**Records shown:**
::::::::

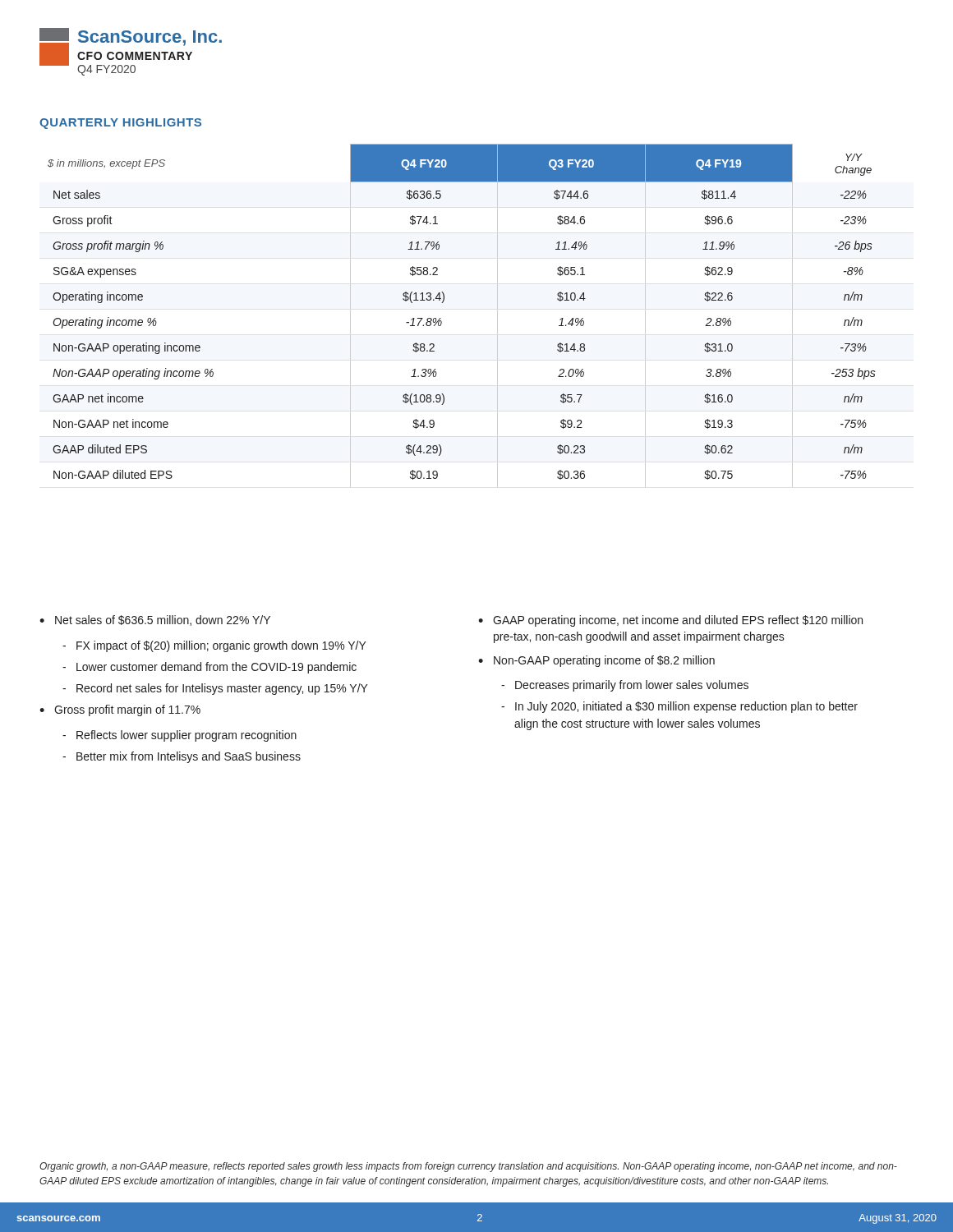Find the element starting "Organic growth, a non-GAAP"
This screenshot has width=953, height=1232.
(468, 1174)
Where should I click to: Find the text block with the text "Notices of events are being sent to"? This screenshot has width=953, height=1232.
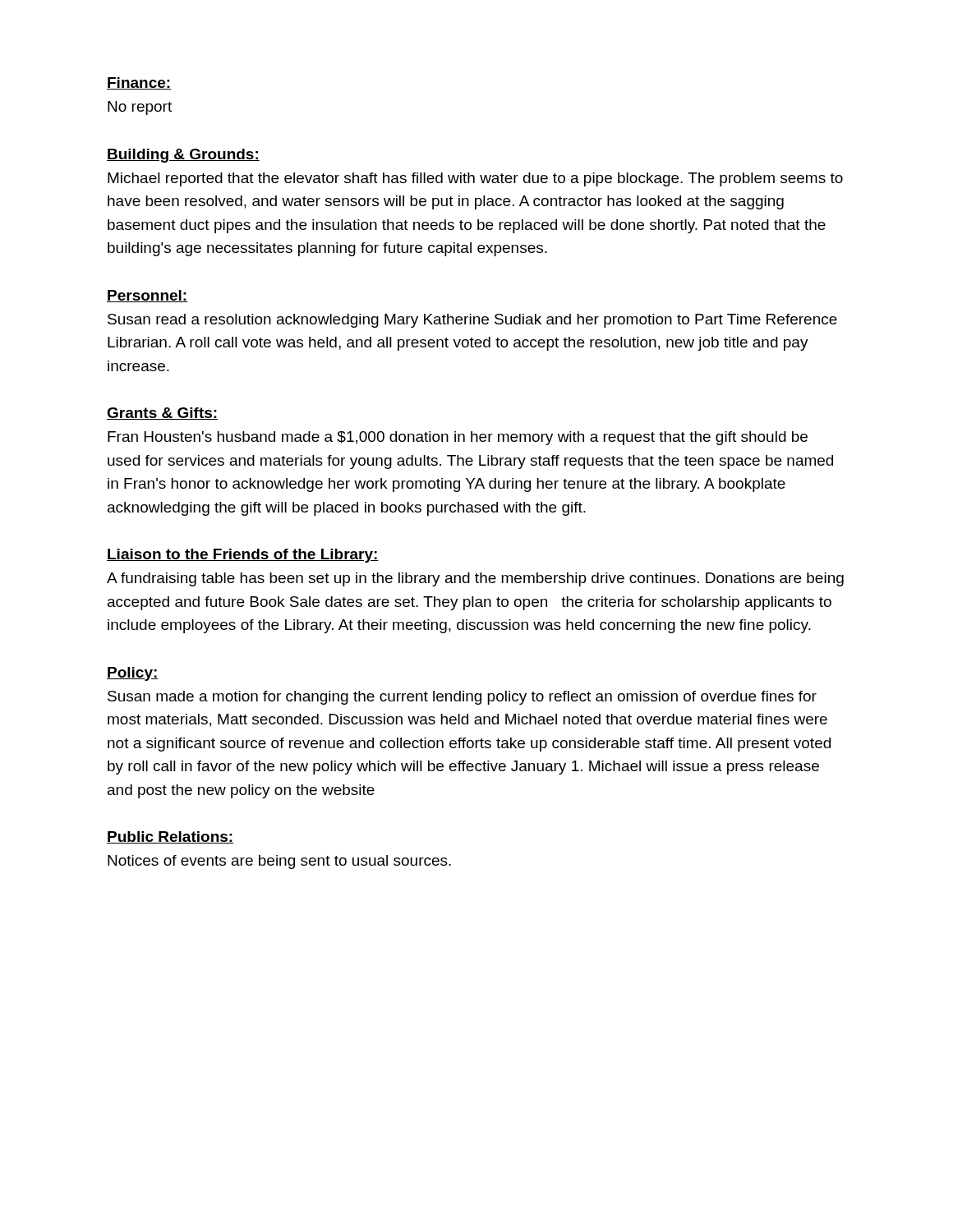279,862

::::::::

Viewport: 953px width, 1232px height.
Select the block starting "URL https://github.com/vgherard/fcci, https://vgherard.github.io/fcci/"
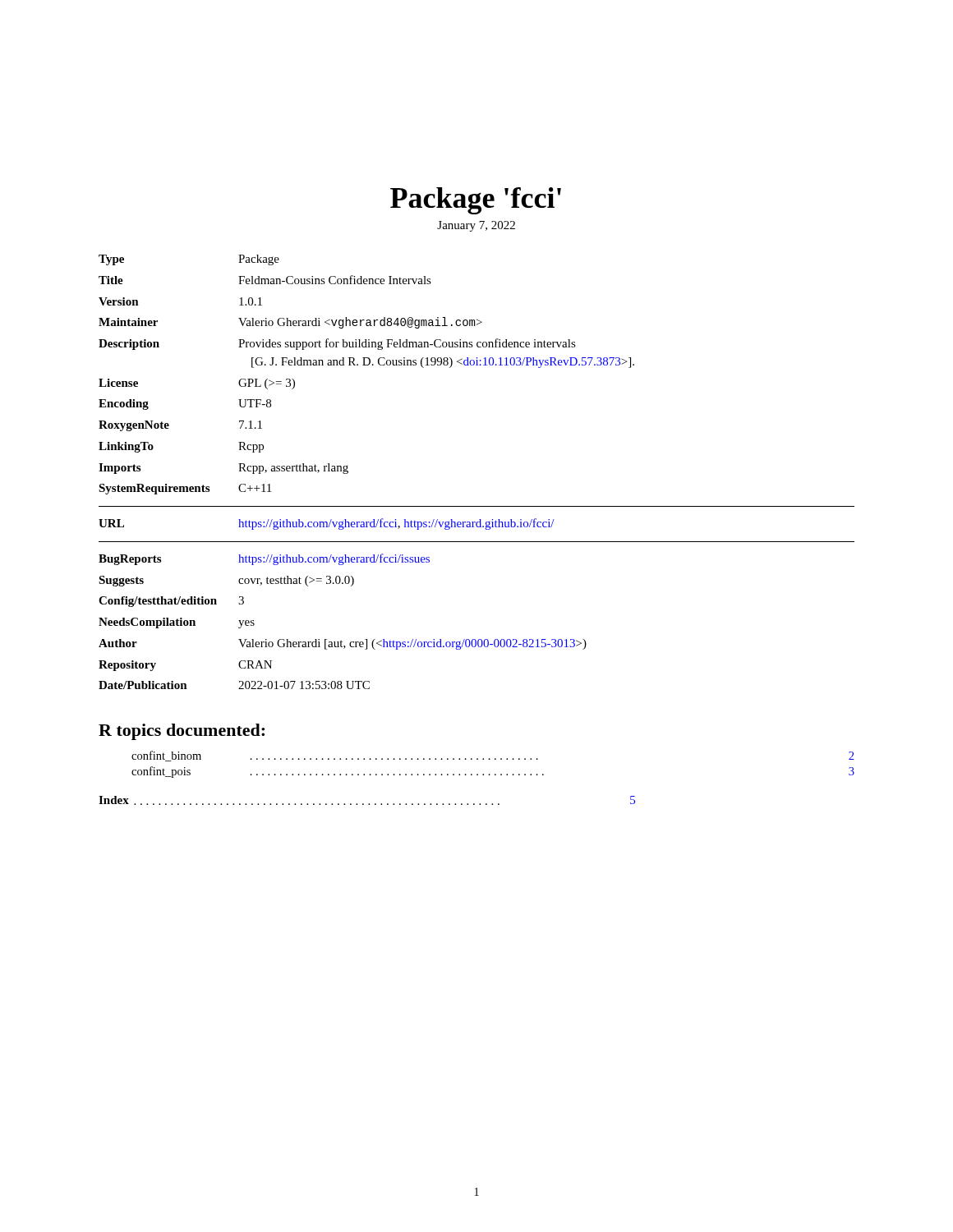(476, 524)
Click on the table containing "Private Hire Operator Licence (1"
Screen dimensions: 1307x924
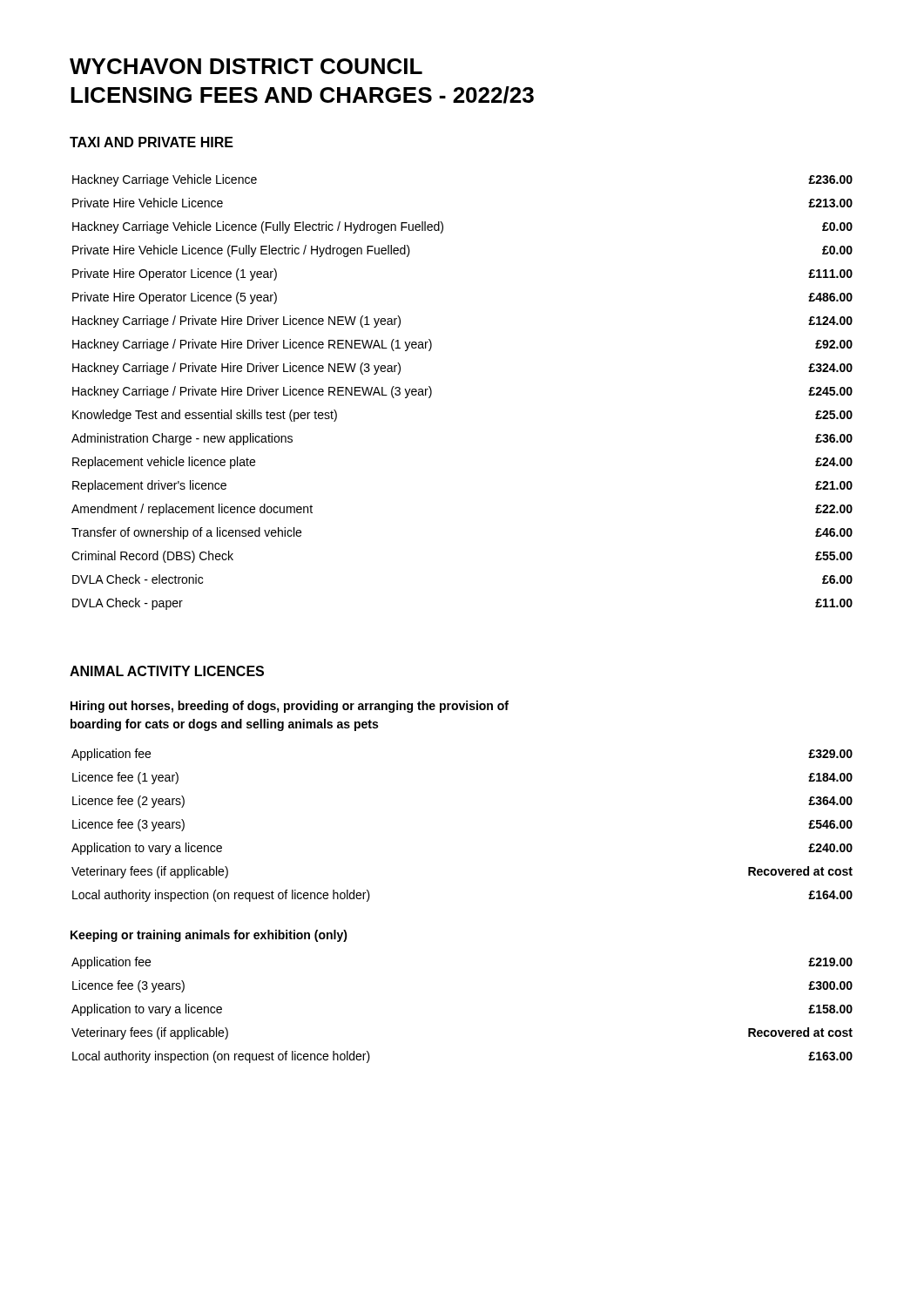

::::::::

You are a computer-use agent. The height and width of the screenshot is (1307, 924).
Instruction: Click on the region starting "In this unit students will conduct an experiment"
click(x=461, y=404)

::::::::

**Try it:** In the data above, which lines lie between the line with "Click on the table" and the line with "Screen dimensions: 1307x924", inclusive? Print those lines exactly and nothing else.

**Solution:**
Click on the table containing "Private Hire Operator Licence (1"
Screen dimensions: 1307x924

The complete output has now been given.